The Gorakhpur resident recalls not being able to find a single hospital bed for his father, after the latter started showing symptoms of Covid. He eventually died without receiving proper treatment and that adds to Chauhan’s pain.

When he came across an advertisement by the Ministry of Skill Development and Entrepreneurship (MSDE) soon after, inviting applications for a crash course for ‘Covid Warriors’, he immediately made up his mind to join. A BSc graduate in agriculture, Chauhan had been subsisting on odd jobs for the past few years.

The course is part of the Pradhan Mantri Kaushal Vikas Yojana (PMKVY), which aims to train candidates in skills ranging from mobile repair to retail sales, to help them find employment.

The Covid Warrior crash course was introduced this year, and aims to create resources both for the healthcare sector and logistical support.

“After remaining unemployed for months, I thought this is a suitable course for me, as I will be able to get a job and serve people during Covid times,” he said, when ThePrint caught up with him at the Sunaina Samridhi Foundation, an NGO functioning as a Pradhan Mantri Kaushal Kendra (PMKK, training centres for the PMKVY) in Gorakhpur.

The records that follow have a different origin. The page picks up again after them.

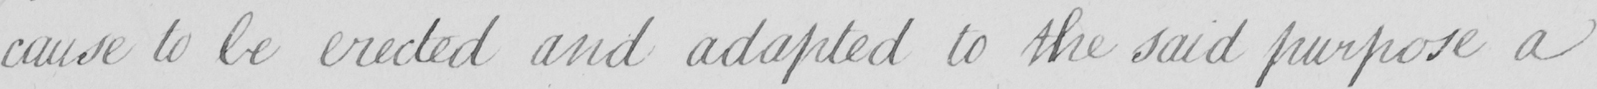Can you tell me what this handwritten text says? cause to be erected and adapted to the said purpose a 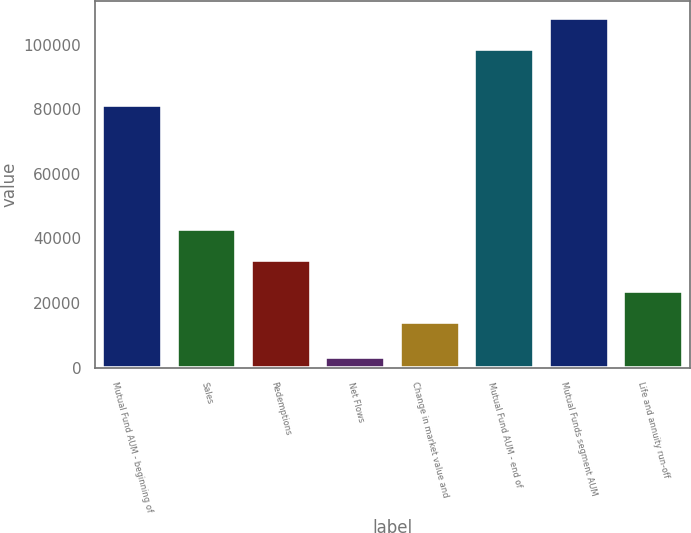Convert chart. <chart><loc_0><loc_0><loc_500><loc_500><bar_chart><fcel>Mutual Fund AUM - beginning of<fcel>Sales<fcel>Redemptions<fcel>Net Flows<fcel>Change in market value and<fcel>Mutual Fund AUM - end of<fcel>Mutual Funds segment AUM<fcel>Life and annuity run-off<nl><fcel>81298<fcel>42820.5<fcel>33236<fcel>3245<fcel>14067<fcel>98610<fcel>108194<fcel>23651.5<nl></chart> 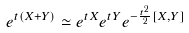Convert formula to latex. <formula><loc_0><loc_0><loc_500><loc_500>e ^ { t ( X + Y ) } \simeq e ^ { t X } e ^ { t Y } e ^ { - \frac { t ^ { 2 } } { 2 } [ X , Y ] }</formula> 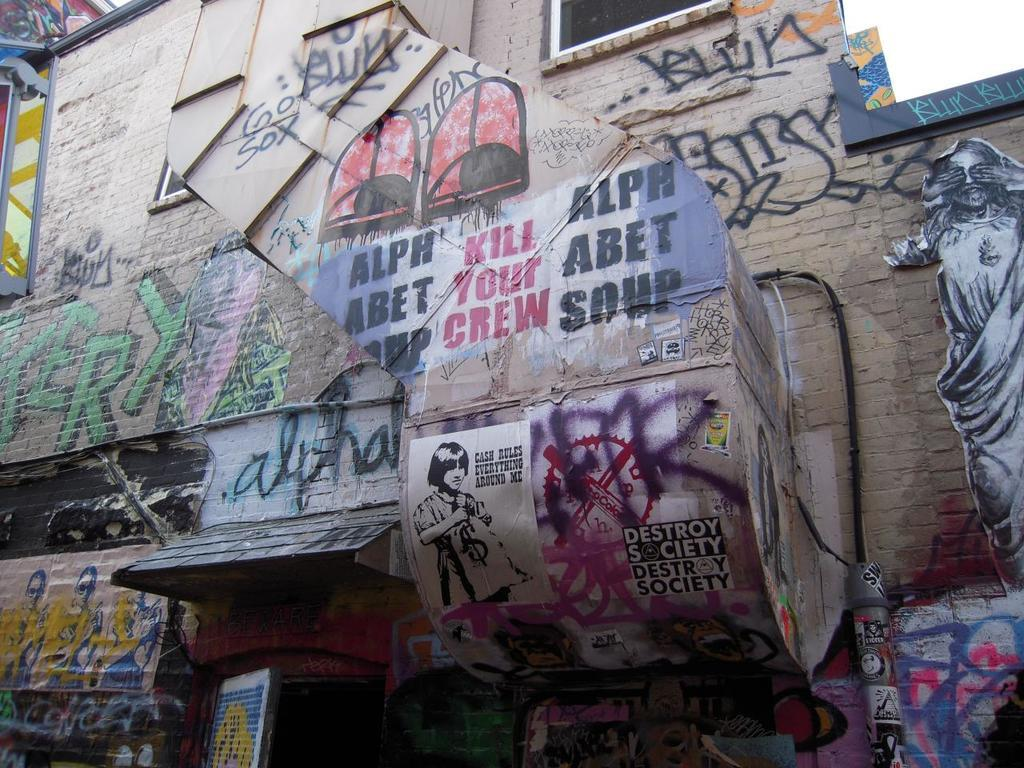What can be seen on the wall in the image? There is graffiti and posters of people on the wall in the image. What else is visible in the image besides the wall? There is a door visible in the image. What type of country is depicted in the graffiti on the wall? There is no country depicted in the graffiti on the wall; it is an abstract design or image. 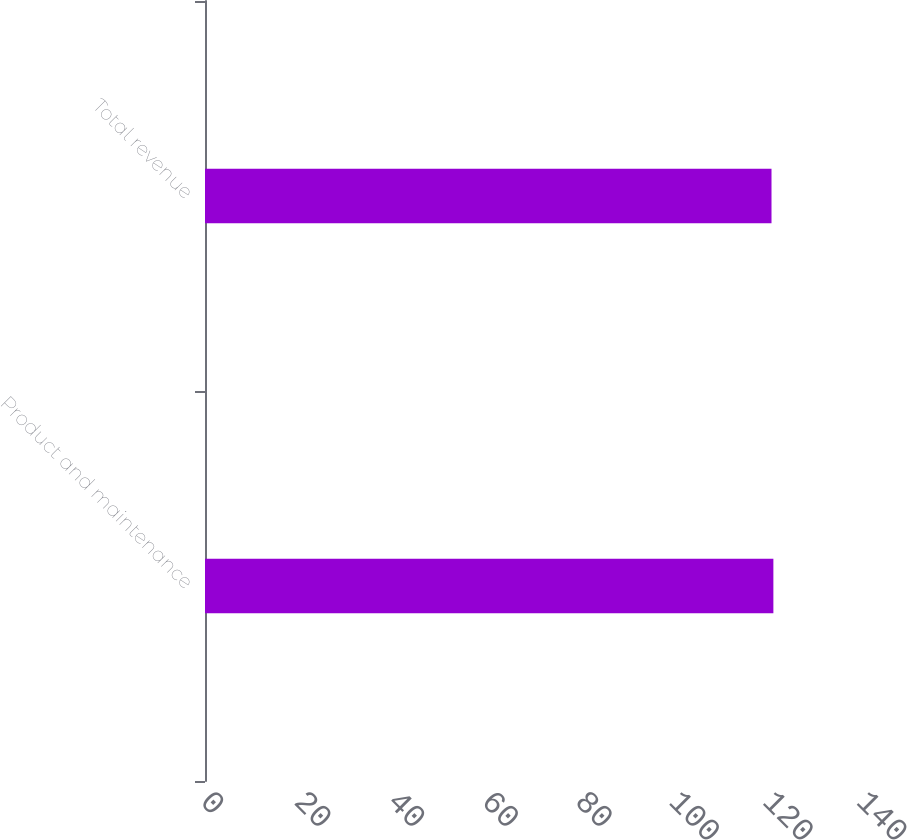Convert chart. <chart><loc_0><loc_0><loc_500><loc_500><bar_chart><fcel>Product and maintenance<fcel>Total revenue<nl><fcel>121.3<fcel>120.9<nl></chart>

With him waited about 20 other aspirants, most of them in their twenties, eager to find some means of gainful employment, after subsequent Covid lockdowns in the country left their families — mostly from lower income groups — struggling to make ends meet.

The Covid Warriors course, which involves 21 days of theory, followed by about 90 days of on-job training, is being aggressively pushed by the ministry.

The Gorakhpur-based Sunaina Samridhi Foundation has been given a target of training 100 candidates in the course this year by the National Skill Development Corporation (NSDC), that functions under the MSDE to implement the PMKVY scheme.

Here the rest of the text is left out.